Most economists currently expect U.S. GDP growth to remain closer to the 1.5%–2.5% range amid elevated interest rates, slowing global demand, and persistent inflation uncertainty. If achieved, 4% annual GDP growth would represent one of the strongest expansion rates seen in a developed economy of the United States’ size in recent years.
The optimistic forecast aligns with a broader narrative emerging across parts of Wall Street that stronger fiscal stimulus, improving financial conditions, and large-scale investment cycles could support faster-than-expected economic growth into 2026.
Why the 4% Number Matters
GDP growth at that level would imply a much stronger-than-expected combination of:
- consumer spending;
- business investment;
- labor market resilience;
- industrial activity;
- productivity growth.
For financial markets, the implications would be significant.
A 4% growth environment could strengthen expectations for higher corporate earnings, stronger tax revenues, and continued expansion across sectors tied to infrastructure, industrial production, energy, and technology. At the same time, it could complicate the Federal Reserve’s path toward interest rate cuts if inflation pressures remain elevated.
Historically, the U.S. economy rarely sustains growth above 4% outside of post-recession recoveries or major stimulus-driven periods. In recent decades, structural factors such as demographic aging, slower productivity growth, and high debt levels have generally kept long-term economic expansion closer to 2%.
That is why Hassett’s projection stands out.

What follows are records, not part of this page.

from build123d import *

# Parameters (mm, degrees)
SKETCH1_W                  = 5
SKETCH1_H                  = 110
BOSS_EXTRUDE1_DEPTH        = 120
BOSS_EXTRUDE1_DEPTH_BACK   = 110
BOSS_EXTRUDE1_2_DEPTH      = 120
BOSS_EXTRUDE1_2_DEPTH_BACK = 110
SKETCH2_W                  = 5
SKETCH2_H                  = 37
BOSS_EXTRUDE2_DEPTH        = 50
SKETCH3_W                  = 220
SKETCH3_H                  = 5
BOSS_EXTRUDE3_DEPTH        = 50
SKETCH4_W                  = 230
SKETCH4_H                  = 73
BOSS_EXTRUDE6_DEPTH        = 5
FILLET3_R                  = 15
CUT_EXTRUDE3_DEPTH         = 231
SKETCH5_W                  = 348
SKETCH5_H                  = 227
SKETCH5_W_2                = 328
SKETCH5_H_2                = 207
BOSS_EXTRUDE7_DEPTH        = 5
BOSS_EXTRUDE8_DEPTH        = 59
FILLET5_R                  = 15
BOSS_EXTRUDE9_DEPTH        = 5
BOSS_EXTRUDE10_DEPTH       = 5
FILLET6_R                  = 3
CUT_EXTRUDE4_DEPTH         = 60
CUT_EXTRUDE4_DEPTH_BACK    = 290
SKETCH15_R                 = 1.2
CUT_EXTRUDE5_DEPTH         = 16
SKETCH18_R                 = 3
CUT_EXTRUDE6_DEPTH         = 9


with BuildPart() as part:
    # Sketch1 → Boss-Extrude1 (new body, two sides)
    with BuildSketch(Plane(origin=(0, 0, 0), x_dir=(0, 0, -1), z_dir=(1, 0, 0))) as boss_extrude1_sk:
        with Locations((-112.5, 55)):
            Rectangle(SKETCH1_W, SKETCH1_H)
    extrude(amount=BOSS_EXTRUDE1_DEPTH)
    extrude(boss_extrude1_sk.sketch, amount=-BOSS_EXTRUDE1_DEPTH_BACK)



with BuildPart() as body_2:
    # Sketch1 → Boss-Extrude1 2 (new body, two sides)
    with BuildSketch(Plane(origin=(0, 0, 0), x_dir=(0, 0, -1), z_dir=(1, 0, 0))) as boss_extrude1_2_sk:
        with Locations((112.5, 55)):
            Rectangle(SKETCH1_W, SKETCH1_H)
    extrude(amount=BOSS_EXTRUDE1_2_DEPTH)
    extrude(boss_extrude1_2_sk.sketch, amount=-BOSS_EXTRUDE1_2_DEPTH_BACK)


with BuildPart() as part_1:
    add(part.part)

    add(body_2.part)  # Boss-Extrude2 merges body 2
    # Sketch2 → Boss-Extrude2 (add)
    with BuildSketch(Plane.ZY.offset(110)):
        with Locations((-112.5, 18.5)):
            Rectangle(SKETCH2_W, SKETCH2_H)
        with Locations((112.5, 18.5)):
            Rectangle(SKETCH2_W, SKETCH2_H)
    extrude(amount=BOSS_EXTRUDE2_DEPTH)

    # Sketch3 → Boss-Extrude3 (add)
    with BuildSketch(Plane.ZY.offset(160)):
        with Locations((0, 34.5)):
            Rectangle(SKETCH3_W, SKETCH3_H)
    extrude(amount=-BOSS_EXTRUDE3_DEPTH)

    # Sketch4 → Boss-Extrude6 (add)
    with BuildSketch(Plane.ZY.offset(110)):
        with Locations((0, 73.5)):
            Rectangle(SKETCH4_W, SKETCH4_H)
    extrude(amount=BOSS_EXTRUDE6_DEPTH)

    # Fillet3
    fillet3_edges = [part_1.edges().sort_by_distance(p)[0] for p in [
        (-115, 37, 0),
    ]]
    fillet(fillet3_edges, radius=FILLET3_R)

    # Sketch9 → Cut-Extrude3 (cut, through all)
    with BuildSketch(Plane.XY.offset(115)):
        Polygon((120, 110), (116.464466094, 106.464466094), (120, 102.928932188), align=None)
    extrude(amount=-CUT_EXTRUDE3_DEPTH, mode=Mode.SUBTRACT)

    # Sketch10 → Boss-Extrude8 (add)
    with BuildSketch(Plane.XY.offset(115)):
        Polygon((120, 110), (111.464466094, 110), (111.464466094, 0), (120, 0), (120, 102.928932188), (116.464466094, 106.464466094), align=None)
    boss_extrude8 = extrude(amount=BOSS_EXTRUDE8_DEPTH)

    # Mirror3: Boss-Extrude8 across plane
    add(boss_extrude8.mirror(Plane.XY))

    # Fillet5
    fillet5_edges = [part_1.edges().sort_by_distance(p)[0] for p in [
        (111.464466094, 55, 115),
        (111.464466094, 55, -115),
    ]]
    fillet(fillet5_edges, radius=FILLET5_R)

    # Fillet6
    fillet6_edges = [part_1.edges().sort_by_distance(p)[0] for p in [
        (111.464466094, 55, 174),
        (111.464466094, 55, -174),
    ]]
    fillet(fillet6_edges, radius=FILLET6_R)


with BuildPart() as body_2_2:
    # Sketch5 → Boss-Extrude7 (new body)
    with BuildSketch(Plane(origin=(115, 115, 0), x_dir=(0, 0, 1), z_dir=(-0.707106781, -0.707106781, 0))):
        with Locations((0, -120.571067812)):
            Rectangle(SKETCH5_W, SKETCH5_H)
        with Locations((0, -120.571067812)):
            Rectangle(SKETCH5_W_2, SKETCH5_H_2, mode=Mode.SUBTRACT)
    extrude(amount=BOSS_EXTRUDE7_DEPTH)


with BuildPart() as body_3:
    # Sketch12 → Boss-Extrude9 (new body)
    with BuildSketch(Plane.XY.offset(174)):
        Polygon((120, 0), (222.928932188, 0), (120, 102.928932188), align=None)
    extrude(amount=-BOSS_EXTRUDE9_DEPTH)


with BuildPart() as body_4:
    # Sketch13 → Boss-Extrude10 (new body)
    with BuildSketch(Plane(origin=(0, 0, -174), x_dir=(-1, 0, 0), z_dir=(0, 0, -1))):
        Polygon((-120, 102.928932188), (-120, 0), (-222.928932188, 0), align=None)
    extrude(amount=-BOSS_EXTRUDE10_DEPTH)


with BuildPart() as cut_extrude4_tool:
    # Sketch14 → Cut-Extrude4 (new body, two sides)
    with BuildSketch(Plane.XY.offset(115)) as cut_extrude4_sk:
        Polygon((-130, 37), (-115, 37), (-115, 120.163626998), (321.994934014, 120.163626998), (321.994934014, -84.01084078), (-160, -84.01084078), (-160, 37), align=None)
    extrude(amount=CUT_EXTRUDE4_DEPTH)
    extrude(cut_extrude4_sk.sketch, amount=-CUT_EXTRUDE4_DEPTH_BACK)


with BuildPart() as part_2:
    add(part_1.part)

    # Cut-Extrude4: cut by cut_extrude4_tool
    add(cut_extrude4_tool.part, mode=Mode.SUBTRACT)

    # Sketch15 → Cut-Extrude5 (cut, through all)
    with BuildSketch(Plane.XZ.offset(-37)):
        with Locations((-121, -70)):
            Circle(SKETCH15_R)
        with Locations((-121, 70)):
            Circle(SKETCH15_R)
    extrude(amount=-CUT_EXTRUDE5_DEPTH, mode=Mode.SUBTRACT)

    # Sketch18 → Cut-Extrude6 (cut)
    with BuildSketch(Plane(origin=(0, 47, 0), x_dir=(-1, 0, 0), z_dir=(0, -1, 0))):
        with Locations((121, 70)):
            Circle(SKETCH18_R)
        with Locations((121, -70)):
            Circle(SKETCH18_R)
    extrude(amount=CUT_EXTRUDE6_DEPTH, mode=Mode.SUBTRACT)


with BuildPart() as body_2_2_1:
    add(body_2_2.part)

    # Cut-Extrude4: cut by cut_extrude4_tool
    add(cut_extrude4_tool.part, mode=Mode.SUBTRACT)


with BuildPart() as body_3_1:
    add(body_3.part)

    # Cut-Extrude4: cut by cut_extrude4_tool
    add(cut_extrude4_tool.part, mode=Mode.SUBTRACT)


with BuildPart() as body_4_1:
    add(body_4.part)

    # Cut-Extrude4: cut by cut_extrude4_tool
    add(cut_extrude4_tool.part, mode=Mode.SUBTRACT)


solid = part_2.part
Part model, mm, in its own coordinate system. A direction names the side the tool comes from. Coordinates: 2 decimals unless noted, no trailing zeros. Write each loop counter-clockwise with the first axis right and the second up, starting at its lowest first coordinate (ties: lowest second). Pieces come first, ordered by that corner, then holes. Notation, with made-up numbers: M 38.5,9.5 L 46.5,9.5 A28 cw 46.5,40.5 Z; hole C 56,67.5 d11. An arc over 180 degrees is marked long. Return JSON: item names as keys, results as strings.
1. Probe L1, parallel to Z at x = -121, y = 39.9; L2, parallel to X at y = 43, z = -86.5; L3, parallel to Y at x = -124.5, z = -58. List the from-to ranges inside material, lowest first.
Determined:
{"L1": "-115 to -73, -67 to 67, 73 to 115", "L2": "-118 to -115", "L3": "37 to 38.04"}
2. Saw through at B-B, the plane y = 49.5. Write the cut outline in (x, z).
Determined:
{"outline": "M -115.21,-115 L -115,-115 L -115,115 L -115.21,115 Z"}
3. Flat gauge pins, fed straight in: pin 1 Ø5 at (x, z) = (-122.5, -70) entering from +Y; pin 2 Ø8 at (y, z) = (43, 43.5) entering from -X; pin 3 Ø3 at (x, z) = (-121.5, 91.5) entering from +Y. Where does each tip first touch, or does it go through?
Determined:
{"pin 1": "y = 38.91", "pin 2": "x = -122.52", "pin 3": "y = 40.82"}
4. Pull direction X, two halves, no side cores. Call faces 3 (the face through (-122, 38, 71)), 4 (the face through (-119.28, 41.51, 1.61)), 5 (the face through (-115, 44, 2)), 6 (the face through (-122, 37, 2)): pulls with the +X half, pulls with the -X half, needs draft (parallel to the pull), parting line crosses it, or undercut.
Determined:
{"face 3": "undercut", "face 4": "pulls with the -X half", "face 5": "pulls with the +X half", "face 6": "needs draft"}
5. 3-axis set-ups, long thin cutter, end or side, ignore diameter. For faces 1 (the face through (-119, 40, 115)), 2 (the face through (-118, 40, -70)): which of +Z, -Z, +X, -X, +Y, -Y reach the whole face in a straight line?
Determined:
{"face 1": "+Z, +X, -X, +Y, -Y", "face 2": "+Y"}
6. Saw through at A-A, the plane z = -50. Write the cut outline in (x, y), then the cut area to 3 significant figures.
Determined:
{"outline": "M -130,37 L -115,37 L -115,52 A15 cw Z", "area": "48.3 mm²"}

What Could Drive Faster Growth
Supporters of a more bullish economic outlook point to several factors that could potentially accelerate U.S. growth this year.
One major driver is the continued AI infrastructure boom. Massive capital spending by technology companies on data centers, semiconductors, cloud infrastructure, and power systems has created a new investment cycle across the U.S. economy. Companies including Microsoft, Amazon, Meta, Alphabet, and Nvidia have all significantly increased infrastructure spending tied to artificial intelligence expansion.
At the same time, industrial reshoring and domestic manufacturing investments continue rising. Large-scale semiconductor projects, energy infrastructure expansion, and federal industrial incentives have supported construction activity and capital expenditures across multiple sectors.
Consumer spending has also remained more resilient than many analysts expected despite elevated borrowing costs. A still-strong labor market and wage growth have helped support broader economic activity even as interest rates remain restrictive.
Why Economists Remain Skeptical
Despite the optimism, many economists remain cautious about forecasts calling for 4% growth.
Higher interest rates continue to pressure housing activity, corporate borrowing, and smaller businesses. Credit conditions remain tighter than in previous expansion cycles, while global economic growth has shown signs of slowing in Europe and parts of Asia.
There are also concerns that recent economic strength may reflect temporary fiscal stimulus effects rather than a structurally stronger long-term growth trend.
For the Federal Reserve, a significantly stronger economy could create an additional challenge. Faster growth combined with resilient labor markets may slow the pace of disinflation, potentially forcing policymakers to keep interest rates elevated for longer than markets currently expect.
Markets Are Watching the Data Closely
Hassett’s forecast now places greater attention on upcoming economic releases including:
- nonfarm payrolls;
- retail sales;
- inflation reports;
- manufacturing activity;
- quarterly GDP revisions.
If incoming data begins moving closer toward the 4% growth narrative, expectations across equity markets, Treasury yields, commodities, and Fed policy could shift rapidly.